EXERCISE DESCRIPTION. Among the records below, find each line bearing the word "accomplish" and copy it.

Collected data entries.

BEGIN

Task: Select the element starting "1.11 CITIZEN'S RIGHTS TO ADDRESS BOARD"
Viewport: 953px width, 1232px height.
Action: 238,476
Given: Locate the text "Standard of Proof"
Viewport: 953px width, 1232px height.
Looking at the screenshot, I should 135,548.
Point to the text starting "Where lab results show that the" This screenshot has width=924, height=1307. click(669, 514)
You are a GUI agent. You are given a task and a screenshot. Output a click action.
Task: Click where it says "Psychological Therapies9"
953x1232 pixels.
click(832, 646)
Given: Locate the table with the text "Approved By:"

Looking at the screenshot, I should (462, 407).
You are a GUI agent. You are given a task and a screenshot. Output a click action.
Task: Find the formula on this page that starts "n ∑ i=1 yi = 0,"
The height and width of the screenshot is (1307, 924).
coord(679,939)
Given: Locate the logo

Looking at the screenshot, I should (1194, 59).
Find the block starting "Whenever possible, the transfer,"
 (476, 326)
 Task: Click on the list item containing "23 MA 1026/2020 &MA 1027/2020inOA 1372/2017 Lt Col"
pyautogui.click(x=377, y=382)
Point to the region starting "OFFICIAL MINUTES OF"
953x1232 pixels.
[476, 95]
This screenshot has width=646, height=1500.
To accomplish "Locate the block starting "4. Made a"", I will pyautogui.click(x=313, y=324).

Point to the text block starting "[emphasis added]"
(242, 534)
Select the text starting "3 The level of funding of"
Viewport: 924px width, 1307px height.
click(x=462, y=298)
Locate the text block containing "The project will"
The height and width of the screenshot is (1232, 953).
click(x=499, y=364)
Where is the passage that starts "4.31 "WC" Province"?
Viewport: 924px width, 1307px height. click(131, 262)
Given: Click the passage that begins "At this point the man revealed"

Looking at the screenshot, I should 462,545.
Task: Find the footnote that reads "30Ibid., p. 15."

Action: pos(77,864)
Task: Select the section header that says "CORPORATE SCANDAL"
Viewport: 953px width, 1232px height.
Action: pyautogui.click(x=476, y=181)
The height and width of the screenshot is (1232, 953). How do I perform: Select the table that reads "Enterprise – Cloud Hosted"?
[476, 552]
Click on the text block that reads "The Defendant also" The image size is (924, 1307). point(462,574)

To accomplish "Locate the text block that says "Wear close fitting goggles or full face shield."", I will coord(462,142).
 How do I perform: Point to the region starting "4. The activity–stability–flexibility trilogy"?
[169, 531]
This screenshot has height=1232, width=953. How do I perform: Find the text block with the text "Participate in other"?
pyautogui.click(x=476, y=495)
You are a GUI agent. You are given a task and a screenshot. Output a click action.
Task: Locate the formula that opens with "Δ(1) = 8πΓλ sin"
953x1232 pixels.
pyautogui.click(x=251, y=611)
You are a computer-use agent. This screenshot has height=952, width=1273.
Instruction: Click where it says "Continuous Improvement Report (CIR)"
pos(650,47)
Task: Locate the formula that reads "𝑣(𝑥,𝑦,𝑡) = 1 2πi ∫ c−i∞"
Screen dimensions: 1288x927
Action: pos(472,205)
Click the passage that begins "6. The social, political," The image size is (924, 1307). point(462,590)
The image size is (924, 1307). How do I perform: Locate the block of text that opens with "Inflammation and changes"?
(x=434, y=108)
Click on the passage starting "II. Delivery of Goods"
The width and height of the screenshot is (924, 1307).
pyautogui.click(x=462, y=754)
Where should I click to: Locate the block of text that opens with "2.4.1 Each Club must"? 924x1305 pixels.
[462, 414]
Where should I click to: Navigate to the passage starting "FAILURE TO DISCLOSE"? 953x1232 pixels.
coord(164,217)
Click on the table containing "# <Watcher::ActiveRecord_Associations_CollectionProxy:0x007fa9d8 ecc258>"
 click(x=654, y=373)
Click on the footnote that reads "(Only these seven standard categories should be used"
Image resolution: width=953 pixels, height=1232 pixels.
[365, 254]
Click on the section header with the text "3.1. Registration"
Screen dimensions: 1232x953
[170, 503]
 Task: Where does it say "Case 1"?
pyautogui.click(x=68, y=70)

END

YOUR RESPONSE.
To accomplish "Locate the block starting "4. Made a"", I will pyautogui.click(x=313, y=324).
To accomplish "Locate the text block that says "Wear close fitting goggles or full face shield."", I will coord(462,142).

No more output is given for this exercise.